Il future sul Dax scambia poco sopra la parità a quota 13.160 punti.

Questa settimana sarà priva di eventi macro di rilievo, anche se ci sarà da prestare attenzione alle parole dei banchieri centrali, con Christine Lagarde attesa oggi al parlamento europeo, mentre Jerome Powell mercoledì parlerà davanti al congresso Usa.

A causa delle strette monetarie delle Banche centrali e ai timori di una stagnazione dell’economia, nella scorsa settimana abbiamo assistito a pesanti vendite sugli indici azionari, con ribassi dell’ordine del -5%.

Sul mercato tedesco le vendite si sono arrestate a quota 13.000 punti, con il mercato che è riuscito a difendere in chiusura settimanale tale livello; la sessione di venerdì è terminata a quota 13.096 punti (contratto future).

Nonostante la struttura  tecnica di fondo rimanga chiaramente debole, dopo il rollover sul nuovo contratto future settembre di venerdì scorso potremmo ora osservare la classica inversione post scadenza tecnica, che unita alla forte condizione di ipervenduto potrebbe alimentare un recupero nelle prossime sessioni.

Tuttavia lato tecnico c’è da registrare l’importante rottura di quota 13.300 punti, livello che aveva contenuto le vendite ad inizio maggio scorso e che è stato i9nvece venduto nella giornata di giovedì scorso; per tale ragione se dovessimo assistere ad un pullback in area 13.300-13.400 punti nelle prossime sessioni riteniamo che sussisterebbero le condizioni per operare lato short con ordini sell-limit; un’altra importante resistenza tecnica è posizionata a quota 13.800 punti.

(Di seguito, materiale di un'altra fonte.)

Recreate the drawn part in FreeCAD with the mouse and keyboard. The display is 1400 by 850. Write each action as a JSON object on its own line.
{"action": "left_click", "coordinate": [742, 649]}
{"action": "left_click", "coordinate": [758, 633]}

Monitoreremo anche la volatilità implicita Vstoxx poiché in caso di nuova salita sopra quota 32 punti aumenterebbero le probabilità di assistere ad un nuovo affondo verso i precedenti minimi annuali.

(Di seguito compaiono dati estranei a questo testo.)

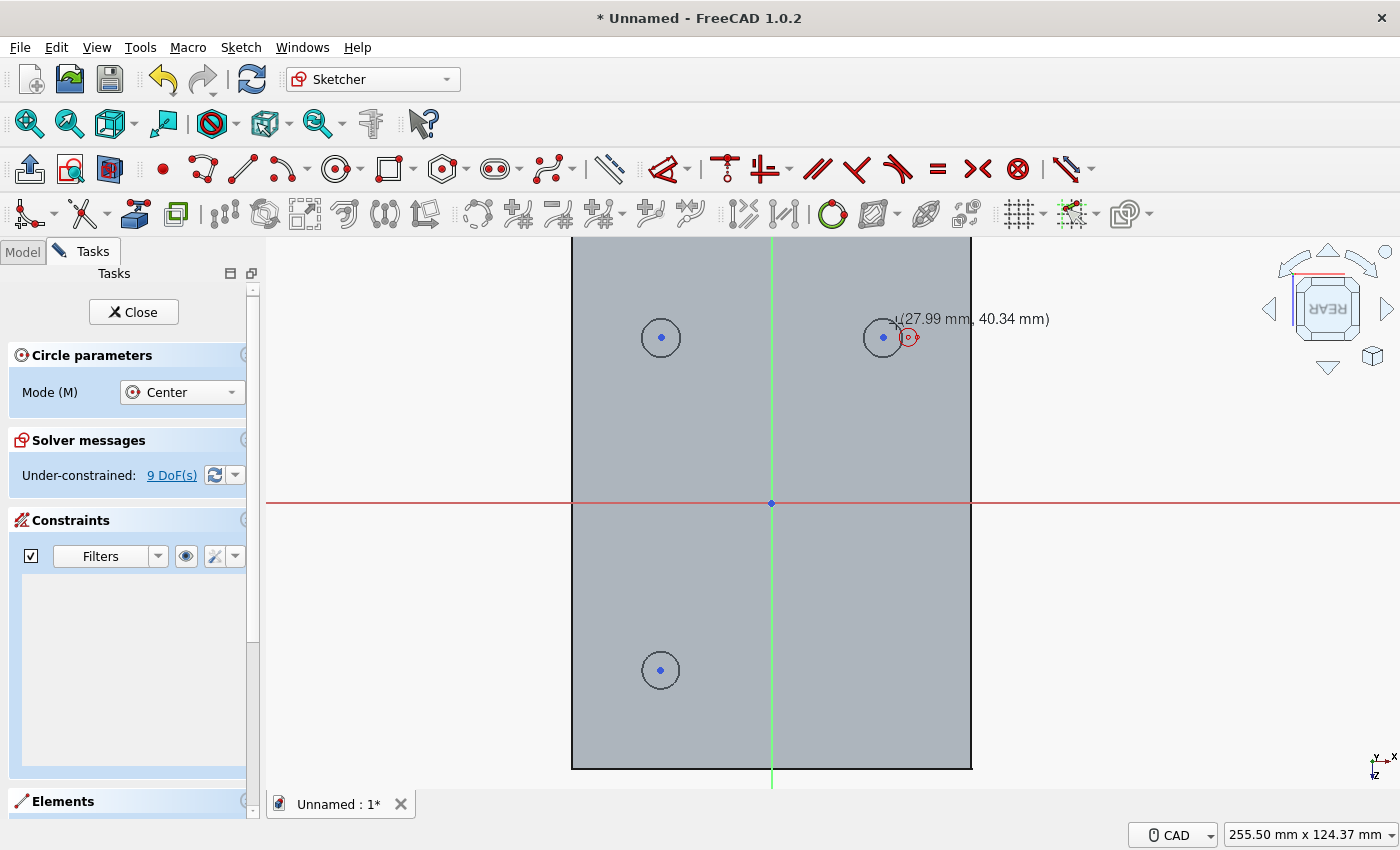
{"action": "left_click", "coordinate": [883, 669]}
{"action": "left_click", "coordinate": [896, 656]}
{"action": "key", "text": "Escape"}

Non ci aspettiamo quindi  di assistere a rialzi consistenti nel breve e ad un ritorno del mercato toro, poiché un nuovo segnale lato long arriverebbe solo in caso di breakout al rialzo di area 14.600 punti.

Qualora dovessimo assistere a chiusure giornaliere sotto area 12.500 punti sarà lecito attendersi un retest dei livelli di Ottobre 2020.

Vediamo di seguito una serie di operazioni aperte venerdì da uno dei nostri trading system sul future Dax.

L’algoritmo ha effettuato la prima operazione entrando in acquisto nella notte a quota 12.979 punti, liquidando poi la posizione in mattinata a 13.159 punti.

Il sistema ha effettuato poi altre due operazioni nel pomeriggio, chiuse entrambe in loss anche a causa dei movimenti erratici nei pressi della scadenza tecnica.

Il gain complessivo della giornata è stato comunque positivo e pari a 1800 euro.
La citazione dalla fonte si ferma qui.